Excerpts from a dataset
_ _ _ _ _ _ _

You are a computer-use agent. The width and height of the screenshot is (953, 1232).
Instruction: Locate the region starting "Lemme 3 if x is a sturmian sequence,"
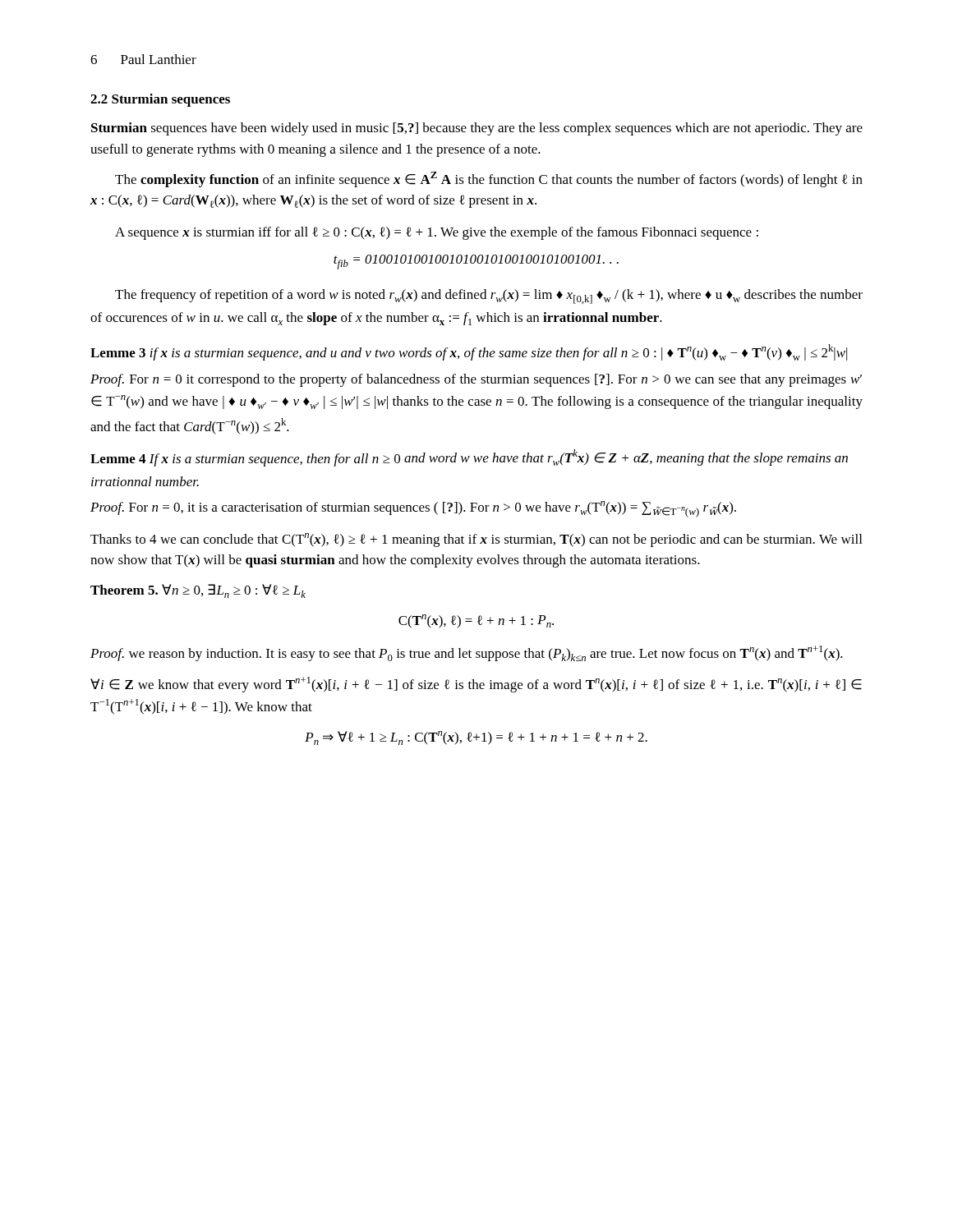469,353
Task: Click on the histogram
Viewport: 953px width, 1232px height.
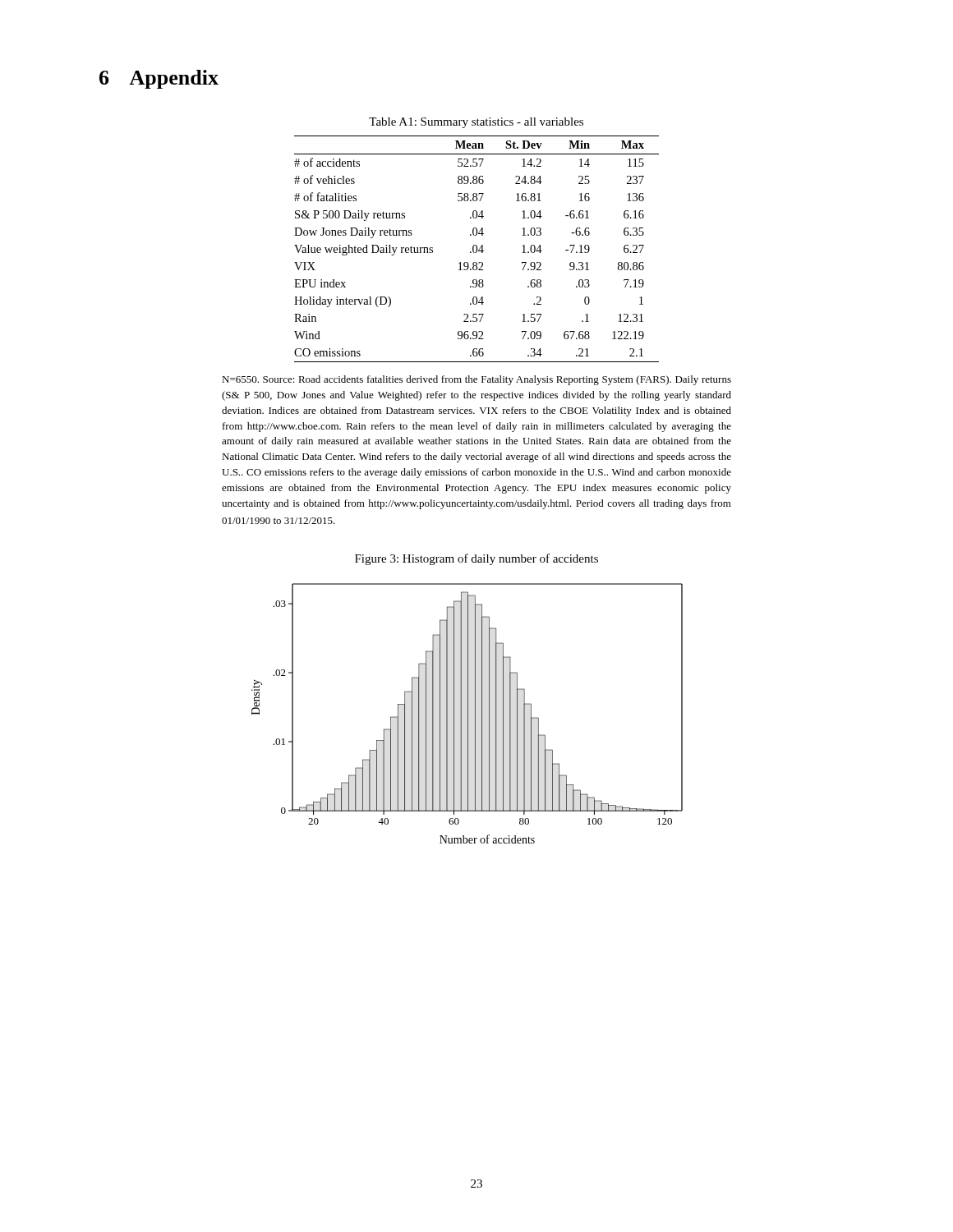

_ _ _ _ _ _ _

DESCRIPTION OF THE TASK ▸ Scan the records above for the string "width", then select every line that holds it.

ANSWER TO THIS EXERCISE ▸
You are a computer-use agent. The width and height of the screenshot is (953, 1232).
Viewport: 953px width, 1232px height.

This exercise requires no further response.